A child slides down a hill on a toboggan with an acceleration if 1.5 m/s2^2. If she starts at rest, how far has she traveled in (a) 1.0s,(b) 2.0s, and (c) 3.0s?
You can use the equation (d=Vit + 1/2 a t^2)
So for the first one it would be: d= (0)(1) + 1/2 (1.5) (1^2)
And the answer would be .75m
Each time just plug in the time to 't' and keep all the other information the same.
To find how far the child has traveled, we can use the equation of motion:
distance = initial velocity * time + (0.5 * acceleration * time^2)
Where:
- initial velocity is the velocity at the start of the motion (which is 0 m/s in this case because the child starts at rest)
- time is the duration of the motion
- acceleration is the rate at which the velocity changes
Let's calculate the distance traveled in each case:
(a) When t = 1.0s:
The initial velocity (u) is 0 m/s.
Plugging these values into the equation of motion, we get:
distance = 0 * 1.0 + (0.5 * 1.5 * 1.0^2)
distance = 0 + (0.5 * 1.5 * 1.0)
distance = 0 + (0.75)
distance = 0.75 meters
Therefore, the child has traveled a distance of 0.75 meters in 1.0 second.
(b) When t = 2.0s:
Using the same formula, we have:
distance = 0 * 2.0 + (0.5 * 1.5 * 2.0^2)
distance = 0 + (0.5 * 1.5 * 4.0)
distance = 0 + (0.5 * 6.0)
distance = 0 + 3.0
distance = 3.0 meters
Therefore, the child has traveled a distance of 3.0 meters in 2.0 seconds.
(c) When t = 3.0s:
Using the equation of motion again:
distance = 0 * 3.0 + (0.5 * 1.5 * 3.0^2)
distance = 0 + (0.5 * 1.5 * 9.0)
distance = 0 + (0.5 * 13.5)
distance = 0 + 6.75
distance = 6.75 meters
Finally, the child has traveled a distance of 6.75 meters in 3.0 seconds.

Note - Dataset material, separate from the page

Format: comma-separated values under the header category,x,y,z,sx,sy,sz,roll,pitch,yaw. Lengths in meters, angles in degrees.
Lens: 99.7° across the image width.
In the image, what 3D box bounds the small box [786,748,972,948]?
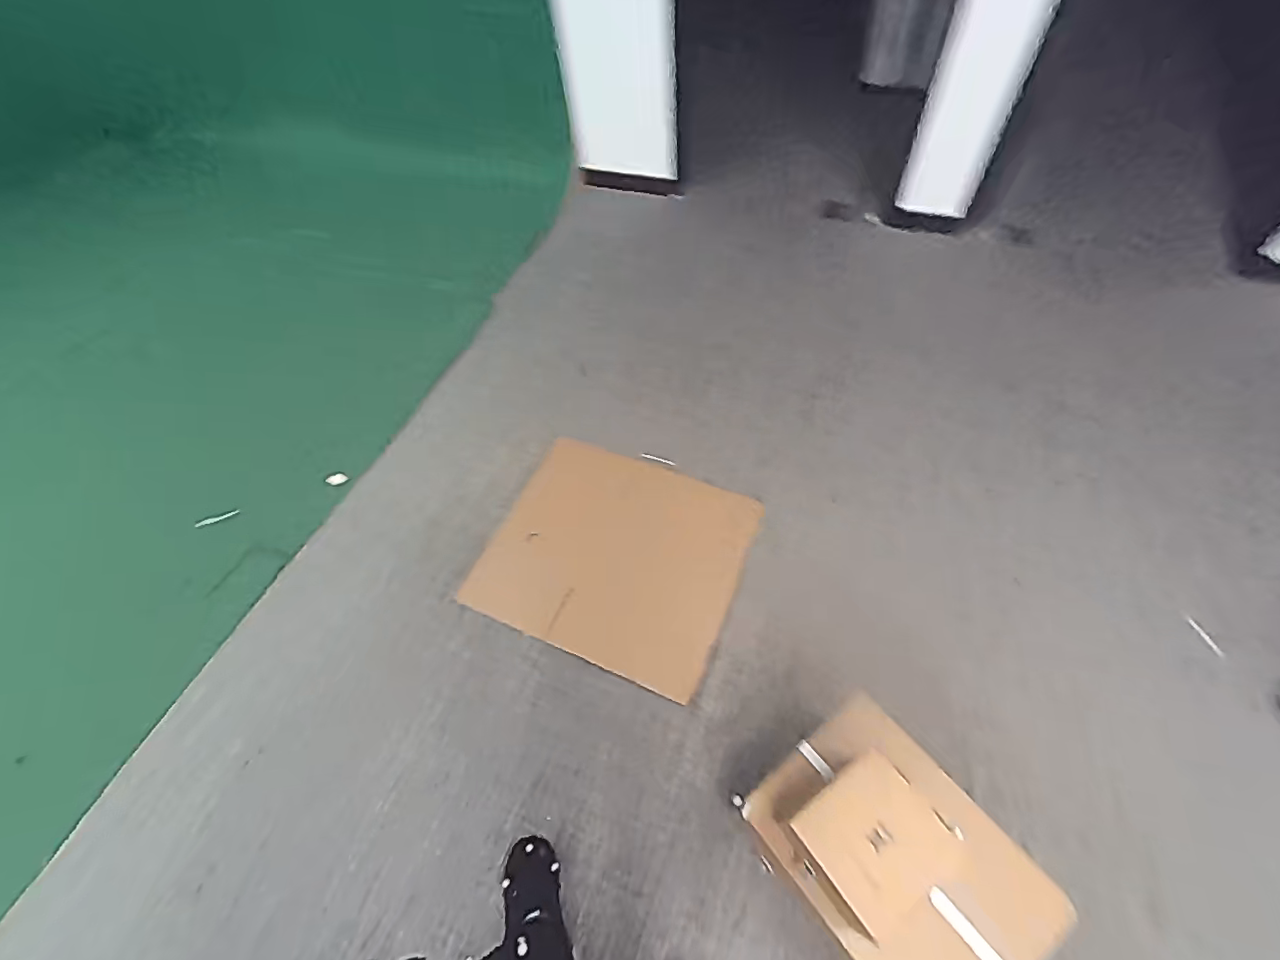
category,x,y,z,sx,sy,sz,roll,pitch,yaw
small box,0.337,0.535,0.804,0.179,0.176,0.168,-34,58,-13

To find the distance traveled by the child in each given time interval, we can use the kinematic equation:
distance = 0.5 * acceleration * time^2
Given:
acceleration (a) = 1.5 m/s^2
time (t) = [1.0s, 2.0s, 3.0s]
(a) For 1.0s:
distance = 0.5 * 1.5 * (1.0)^2
= 0.5 * 1.5 * 1.0
= 0.75 meters
Therefore, the child has traveled 0.75 meters in 1.0 second.
(b) For 2.0s:
distance = 0.5 * 1.5 * (2.0)^2
= 0.5 * 1.5 * 4.0
= 3 meters
Therefore, the child has traveled 3 meters in 2.0 seconds.
(c) For 3.0s:
distance = 0.5 * 1.5 * (3.0)^2
= 0.5 * 1.5 * 9
= 6.75 meters
Therefore, the child has traveled 6.75 meters in 3.0 seconds.